Besides: if I saw the time on a clock, I would have no excuse if I were late for class. If I could read what Mr. Miller wrote on the blackboard, my conscience might nudge me to tackle an Algebra problem. In a very real way, I didn't want to handle too much reality, too fast. 

Learning to see as God wants us to see is, in effect, like putting on a pair of glasses. The lenses of Scripture and Church teaching bring into focus the reality of things as they are.  They correct misconceptions we might have held, perhaps for so many years that we hadn't realized they even were misconceptions.  They challenge us to "not worry"… "love your enemies"…. "sin no more"...."do not lay up for yourselves an earthly treasure"……

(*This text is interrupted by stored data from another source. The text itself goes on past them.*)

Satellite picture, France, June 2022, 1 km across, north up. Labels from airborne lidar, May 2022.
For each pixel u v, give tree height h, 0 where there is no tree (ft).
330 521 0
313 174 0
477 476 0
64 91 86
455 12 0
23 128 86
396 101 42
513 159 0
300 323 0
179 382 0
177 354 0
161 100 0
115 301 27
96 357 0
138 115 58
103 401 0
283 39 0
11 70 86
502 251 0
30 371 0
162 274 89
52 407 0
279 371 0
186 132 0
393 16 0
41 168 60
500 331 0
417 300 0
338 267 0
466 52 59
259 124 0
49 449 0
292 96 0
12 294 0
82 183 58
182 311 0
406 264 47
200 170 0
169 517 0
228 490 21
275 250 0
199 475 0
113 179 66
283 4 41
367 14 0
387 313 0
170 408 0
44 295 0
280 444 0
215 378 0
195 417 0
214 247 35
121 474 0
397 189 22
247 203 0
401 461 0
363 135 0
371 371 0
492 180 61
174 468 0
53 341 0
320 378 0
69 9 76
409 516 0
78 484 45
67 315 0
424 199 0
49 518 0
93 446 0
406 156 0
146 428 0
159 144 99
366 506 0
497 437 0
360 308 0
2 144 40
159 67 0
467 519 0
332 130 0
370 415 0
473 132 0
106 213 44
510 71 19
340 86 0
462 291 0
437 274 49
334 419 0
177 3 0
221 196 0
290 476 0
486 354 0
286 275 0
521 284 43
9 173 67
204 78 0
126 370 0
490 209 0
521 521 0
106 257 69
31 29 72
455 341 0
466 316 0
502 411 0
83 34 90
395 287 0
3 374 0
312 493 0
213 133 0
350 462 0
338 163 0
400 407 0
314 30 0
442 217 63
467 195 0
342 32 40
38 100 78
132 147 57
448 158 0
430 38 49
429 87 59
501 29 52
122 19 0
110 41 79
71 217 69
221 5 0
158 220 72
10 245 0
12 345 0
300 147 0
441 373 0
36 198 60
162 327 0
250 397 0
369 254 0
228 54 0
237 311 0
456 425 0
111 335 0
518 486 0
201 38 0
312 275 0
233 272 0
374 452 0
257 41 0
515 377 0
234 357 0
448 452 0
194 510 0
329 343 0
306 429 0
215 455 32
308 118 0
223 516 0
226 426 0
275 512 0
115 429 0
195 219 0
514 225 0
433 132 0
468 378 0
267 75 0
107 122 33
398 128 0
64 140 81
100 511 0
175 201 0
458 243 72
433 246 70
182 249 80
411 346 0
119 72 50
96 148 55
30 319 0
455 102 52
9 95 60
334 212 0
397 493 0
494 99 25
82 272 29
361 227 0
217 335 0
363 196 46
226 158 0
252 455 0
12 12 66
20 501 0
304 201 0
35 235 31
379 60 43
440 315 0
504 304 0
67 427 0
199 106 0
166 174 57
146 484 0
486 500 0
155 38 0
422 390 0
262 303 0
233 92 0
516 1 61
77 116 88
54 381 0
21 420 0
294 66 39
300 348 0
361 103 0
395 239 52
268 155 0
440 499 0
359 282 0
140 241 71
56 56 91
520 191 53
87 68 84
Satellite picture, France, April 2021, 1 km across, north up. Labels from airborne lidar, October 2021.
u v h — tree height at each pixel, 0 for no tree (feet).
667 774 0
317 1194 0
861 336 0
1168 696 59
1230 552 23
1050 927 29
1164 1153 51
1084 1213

I find myself faced with a choice as I write this. Will I put on the lenses God has prescribed for me..... or not? Maybe I'm willing to look at a few things through them, but what about some of those "tougher" issues. 

Am I so comfortable with the same old blurry way of looking at things that I find Our Lord’s words threatening?  

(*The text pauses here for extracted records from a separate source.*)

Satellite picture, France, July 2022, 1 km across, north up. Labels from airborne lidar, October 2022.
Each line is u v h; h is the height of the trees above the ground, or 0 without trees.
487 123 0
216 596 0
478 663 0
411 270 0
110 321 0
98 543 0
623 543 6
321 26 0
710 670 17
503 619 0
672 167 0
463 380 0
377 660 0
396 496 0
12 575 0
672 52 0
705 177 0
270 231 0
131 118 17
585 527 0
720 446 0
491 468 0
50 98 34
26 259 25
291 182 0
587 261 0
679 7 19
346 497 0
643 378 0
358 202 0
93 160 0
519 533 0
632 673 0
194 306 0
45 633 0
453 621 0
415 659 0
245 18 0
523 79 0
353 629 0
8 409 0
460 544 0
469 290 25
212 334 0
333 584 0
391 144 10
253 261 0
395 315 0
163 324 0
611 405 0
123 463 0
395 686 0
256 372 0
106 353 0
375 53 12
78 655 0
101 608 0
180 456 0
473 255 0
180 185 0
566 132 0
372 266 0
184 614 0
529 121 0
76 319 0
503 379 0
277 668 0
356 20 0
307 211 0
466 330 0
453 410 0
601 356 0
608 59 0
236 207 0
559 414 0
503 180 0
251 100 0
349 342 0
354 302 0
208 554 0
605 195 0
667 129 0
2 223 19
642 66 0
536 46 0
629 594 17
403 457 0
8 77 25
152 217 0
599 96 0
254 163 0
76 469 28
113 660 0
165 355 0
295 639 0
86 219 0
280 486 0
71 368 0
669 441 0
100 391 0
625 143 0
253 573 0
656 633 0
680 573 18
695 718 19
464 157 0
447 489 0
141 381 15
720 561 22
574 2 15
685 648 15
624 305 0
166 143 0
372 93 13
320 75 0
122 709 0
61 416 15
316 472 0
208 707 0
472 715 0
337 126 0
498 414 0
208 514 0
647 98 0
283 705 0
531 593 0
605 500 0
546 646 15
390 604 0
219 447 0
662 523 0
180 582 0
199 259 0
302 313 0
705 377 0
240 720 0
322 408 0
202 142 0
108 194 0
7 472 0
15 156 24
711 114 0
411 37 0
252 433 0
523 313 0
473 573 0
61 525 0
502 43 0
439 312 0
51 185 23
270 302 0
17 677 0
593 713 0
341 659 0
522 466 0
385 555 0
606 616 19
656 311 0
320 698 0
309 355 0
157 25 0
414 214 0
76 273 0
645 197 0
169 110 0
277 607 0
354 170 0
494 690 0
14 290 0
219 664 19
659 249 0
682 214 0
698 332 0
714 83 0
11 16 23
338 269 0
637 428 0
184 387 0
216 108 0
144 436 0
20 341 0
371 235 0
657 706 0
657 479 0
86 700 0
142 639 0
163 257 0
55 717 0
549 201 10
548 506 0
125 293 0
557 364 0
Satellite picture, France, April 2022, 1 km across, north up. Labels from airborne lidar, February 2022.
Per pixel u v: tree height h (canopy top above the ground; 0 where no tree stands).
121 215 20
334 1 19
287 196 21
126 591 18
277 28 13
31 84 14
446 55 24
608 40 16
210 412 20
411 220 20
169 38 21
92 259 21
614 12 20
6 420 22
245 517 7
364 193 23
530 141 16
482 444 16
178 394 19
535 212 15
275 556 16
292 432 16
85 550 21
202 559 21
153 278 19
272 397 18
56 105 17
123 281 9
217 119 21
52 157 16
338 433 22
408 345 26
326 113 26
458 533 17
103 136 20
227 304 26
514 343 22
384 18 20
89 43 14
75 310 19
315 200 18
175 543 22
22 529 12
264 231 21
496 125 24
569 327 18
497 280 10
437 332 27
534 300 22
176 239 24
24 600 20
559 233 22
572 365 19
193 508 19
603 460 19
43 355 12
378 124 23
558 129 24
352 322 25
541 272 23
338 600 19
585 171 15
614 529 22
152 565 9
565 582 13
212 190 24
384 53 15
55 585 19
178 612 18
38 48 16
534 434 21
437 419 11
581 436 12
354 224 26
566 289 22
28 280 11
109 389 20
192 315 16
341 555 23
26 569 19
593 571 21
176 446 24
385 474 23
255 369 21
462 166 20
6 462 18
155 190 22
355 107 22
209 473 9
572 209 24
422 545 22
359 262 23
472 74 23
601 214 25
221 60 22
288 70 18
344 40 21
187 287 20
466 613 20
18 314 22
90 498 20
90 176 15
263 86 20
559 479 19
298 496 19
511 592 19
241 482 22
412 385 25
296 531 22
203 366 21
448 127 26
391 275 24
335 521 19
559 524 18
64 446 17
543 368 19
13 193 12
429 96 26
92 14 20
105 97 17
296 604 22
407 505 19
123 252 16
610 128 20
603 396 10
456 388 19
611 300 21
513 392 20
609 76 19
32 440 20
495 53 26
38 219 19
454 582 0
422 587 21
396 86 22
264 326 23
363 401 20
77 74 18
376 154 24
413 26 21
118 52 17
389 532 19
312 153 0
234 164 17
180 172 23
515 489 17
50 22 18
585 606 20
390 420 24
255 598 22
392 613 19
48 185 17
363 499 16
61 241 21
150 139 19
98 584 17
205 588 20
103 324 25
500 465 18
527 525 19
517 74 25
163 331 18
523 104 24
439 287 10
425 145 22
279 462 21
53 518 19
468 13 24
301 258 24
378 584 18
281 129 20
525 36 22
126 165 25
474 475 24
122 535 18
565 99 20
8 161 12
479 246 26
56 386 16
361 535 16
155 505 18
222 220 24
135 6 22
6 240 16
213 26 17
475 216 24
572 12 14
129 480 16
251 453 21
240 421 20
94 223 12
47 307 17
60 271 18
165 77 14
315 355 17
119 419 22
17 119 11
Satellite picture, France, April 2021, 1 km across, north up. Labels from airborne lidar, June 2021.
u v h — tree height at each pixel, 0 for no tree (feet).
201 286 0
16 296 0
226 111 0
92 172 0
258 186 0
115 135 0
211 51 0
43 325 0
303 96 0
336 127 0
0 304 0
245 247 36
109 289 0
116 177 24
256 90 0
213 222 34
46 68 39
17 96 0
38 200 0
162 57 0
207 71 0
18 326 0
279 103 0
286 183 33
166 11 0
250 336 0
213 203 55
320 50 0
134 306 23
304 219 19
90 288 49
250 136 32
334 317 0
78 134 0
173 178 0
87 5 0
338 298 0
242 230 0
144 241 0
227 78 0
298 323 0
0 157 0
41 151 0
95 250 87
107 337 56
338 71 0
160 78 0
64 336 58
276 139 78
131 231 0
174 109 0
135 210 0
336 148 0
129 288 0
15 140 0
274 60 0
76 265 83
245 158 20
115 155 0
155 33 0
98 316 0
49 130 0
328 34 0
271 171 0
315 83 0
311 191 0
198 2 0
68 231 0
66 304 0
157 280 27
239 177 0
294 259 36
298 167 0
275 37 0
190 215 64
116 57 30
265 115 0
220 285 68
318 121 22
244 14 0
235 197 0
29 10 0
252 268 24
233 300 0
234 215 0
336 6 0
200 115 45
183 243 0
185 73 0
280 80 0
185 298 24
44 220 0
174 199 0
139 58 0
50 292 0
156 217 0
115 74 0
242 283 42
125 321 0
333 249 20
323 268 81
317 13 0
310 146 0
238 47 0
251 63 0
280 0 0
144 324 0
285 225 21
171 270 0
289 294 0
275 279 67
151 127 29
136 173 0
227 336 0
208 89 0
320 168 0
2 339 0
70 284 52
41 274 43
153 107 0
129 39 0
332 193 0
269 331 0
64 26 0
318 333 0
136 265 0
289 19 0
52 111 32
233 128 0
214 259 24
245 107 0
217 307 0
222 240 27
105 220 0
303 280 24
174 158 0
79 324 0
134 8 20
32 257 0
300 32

Am I so concerned about “what people think” that I'm reluctant to be seen as someone who takes Scripture and Church teaching seriously?

I can look at life as the secular world tells me to, or I can use the prescription God has clearly written out for me. 

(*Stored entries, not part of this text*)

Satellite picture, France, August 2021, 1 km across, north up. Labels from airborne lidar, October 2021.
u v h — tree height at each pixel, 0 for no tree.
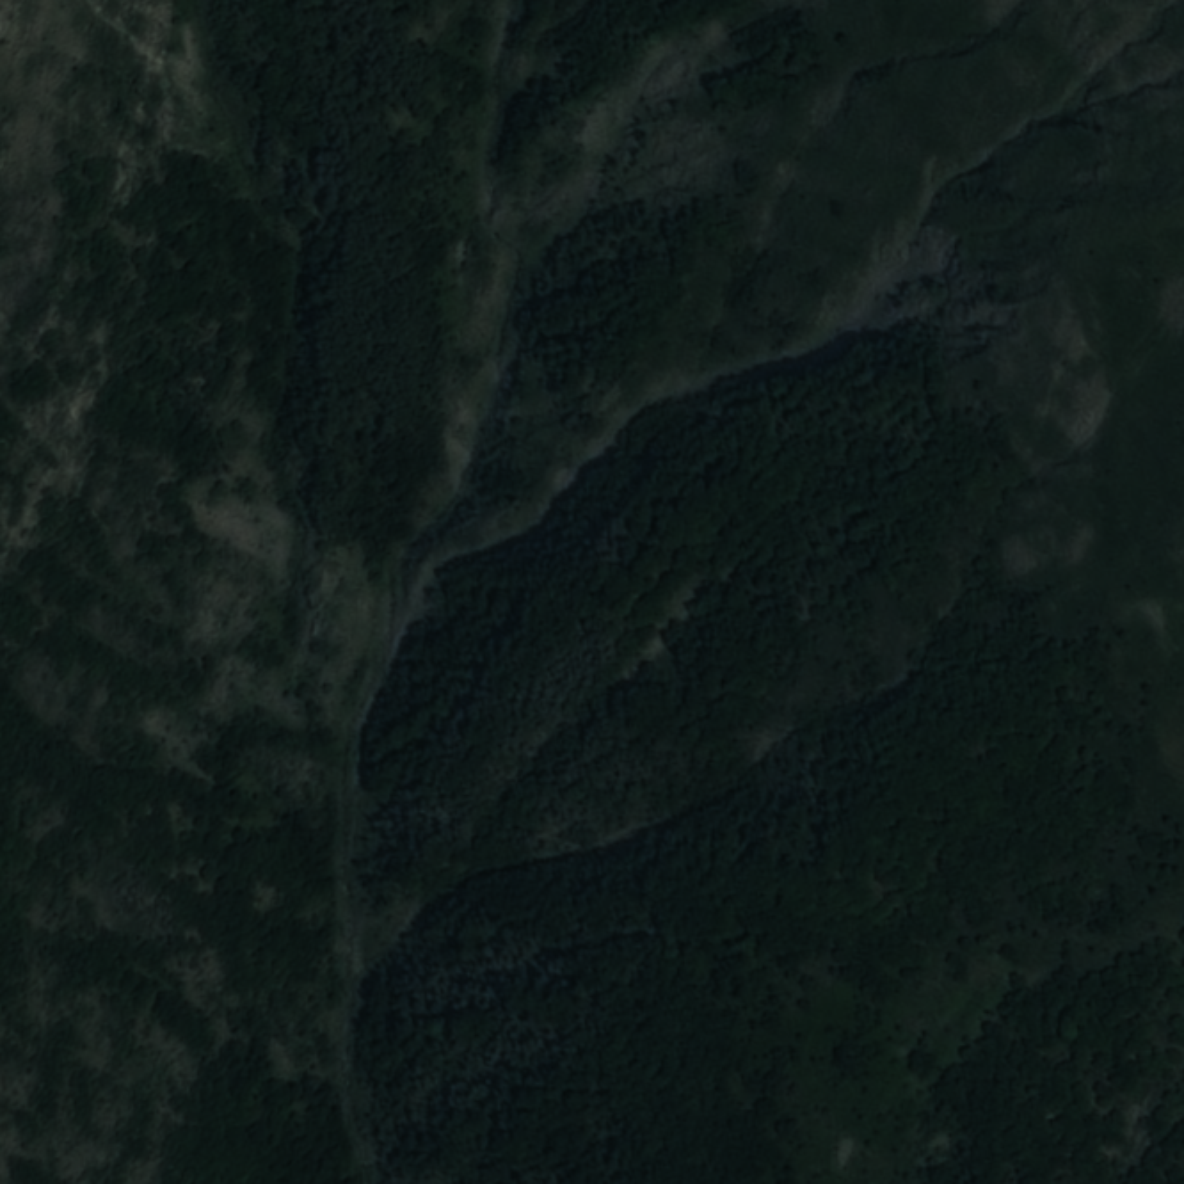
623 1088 18
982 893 8
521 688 20
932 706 10
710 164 0
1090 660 11
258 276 10
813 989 10
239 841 15
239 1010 11
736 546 15
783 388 9
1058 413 0
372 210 33
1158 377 0
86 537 10
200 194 20
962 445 11
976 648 9
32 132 0
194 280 18
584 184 0
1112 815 9
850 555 7
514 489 9
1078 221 0
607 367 18
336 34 36
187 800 11
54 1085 9
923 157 0
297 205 14
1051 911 7
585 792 9
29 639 9
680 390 0
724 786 5
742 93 10
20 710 22
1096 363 0
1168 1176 12
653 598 18
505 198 0
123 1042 8
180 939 8
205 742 7
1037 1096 8
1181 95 0
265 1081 9
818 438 7
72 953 12
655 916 15
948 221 0
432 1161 12
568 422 6
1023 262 0
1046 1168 11
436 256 16
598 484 10
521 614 21
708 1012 18
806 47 8
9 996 10
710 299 0
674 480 19
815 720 6
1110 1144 12
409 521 8
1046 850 9
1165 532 0
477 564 10
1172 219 0
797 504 9
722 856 15
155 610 8
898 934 10
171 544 8
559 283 9
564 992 19
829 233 0
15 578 10
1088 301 0
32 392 9
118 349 12
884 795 16
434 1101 13
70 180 13
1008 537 0
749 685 8
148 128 8
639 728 17
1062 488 0
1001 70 0
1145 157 0
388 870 11
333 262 23
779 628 9
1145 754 0
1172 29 0
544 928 14
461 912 21
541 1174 8
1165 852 8
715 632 15
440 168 9
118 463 7
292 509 9
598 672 14
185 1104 12
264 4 14
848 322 0
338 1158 15
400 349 34
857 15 0
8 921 15
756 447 14
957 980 10
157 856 10
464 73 10
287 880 15
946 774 15
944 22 0
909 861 13
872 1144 8
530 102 14
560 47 11
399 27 28
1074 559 0
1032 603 7
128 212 10
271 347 11
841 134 0
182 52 0
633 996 16
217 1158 15
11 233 0
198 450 20
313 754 6
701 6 13
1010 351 0
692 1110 11
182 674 11
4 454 11
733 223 7
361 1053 12
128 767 14
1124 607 0
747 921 16
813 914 10
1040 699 12
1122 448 0
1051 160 0
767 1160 13
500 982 27
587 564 23
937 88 0
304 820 14
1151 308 0
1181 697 0
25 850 12
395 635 0
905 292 11
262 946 13
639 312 16
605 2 9
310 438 15
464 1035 21
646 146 19
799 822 12
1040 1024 9
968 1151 12
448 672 17
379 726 15
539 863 12
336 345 30
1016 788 10
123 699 9
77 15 0
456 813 14
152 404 14
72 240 11
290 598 7
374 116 36
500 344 0
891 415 8
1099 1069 11
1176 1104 10
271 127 17
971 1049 10
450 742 25
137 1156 9
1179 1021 11
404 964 11
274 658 13
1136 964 11
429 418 6
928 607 7
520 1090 13
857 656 6
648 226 10
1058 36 0
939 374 10
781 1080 13
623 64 7
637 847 8
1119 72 0
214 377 17
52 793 6
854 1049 7
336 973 9
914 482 11
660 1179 12
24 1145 8
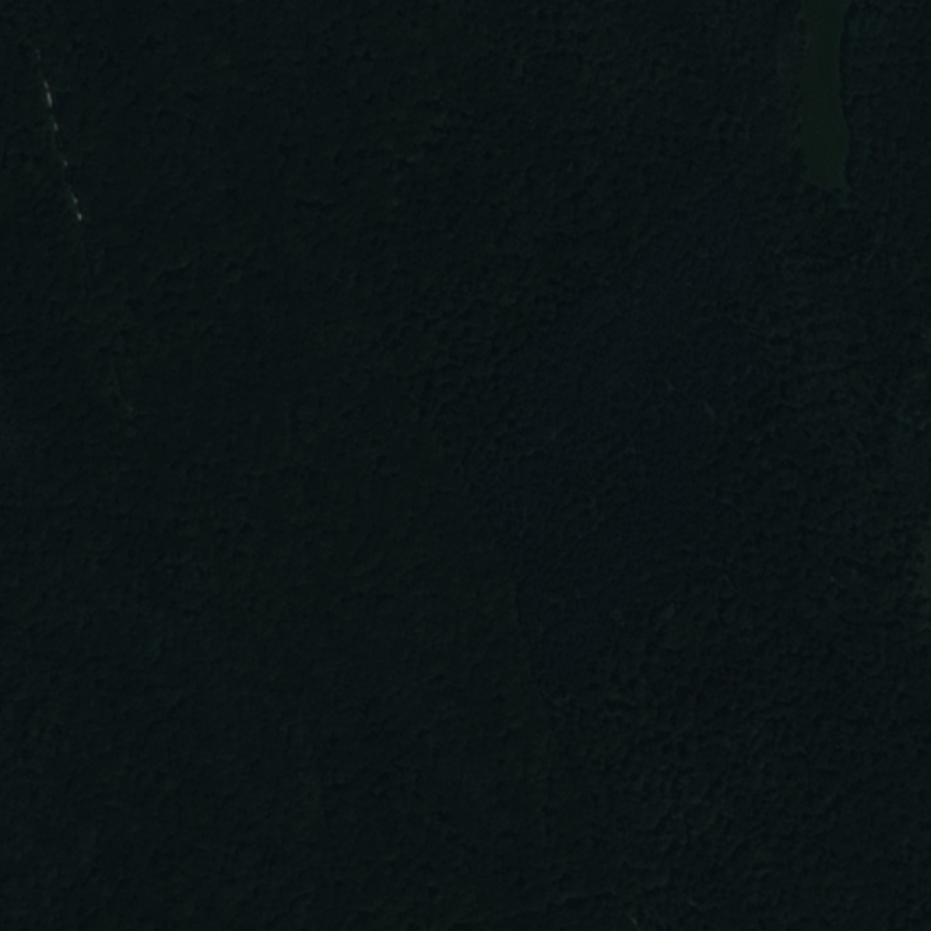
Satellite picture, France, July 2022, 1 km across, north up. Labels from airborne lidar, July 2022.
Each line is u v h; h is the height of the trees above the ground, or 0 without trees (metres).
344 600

Rx: "Grille Eyes."  The corrective lenses of Scripture and the teachings of the Church.  

To see or not to see. The choice is mine.

Georgios Jakobides painting, digitally altered


  1. I used to hate wearing my glasses too and ended up getting contacts. Because I was vain and because I hated being called "four eyes" by other kids.

    This was a wonderful post, Nancy, and one I could well relate too. Loved, loved, loved the Rx and the expression "Grille eyes". This made your point so clear!

  2. And the glasses? Lol! Priceless!

    1. Thanks, Mary! There were no soft contacts in "my" day, and getting adjusted to the hard kind was a big deal. Painful! I tried them for about three weeks, and it was like having pebbles in my eyes. I finally gave up and went back to not seeing except in classes (sometimes) and movies (sometimes) and driving (no choice there). It wasn't until my first year of marriage, and needing glasses for the job I had, that I started actually "seeing" full time! Ah, the dreadful price of vanity.........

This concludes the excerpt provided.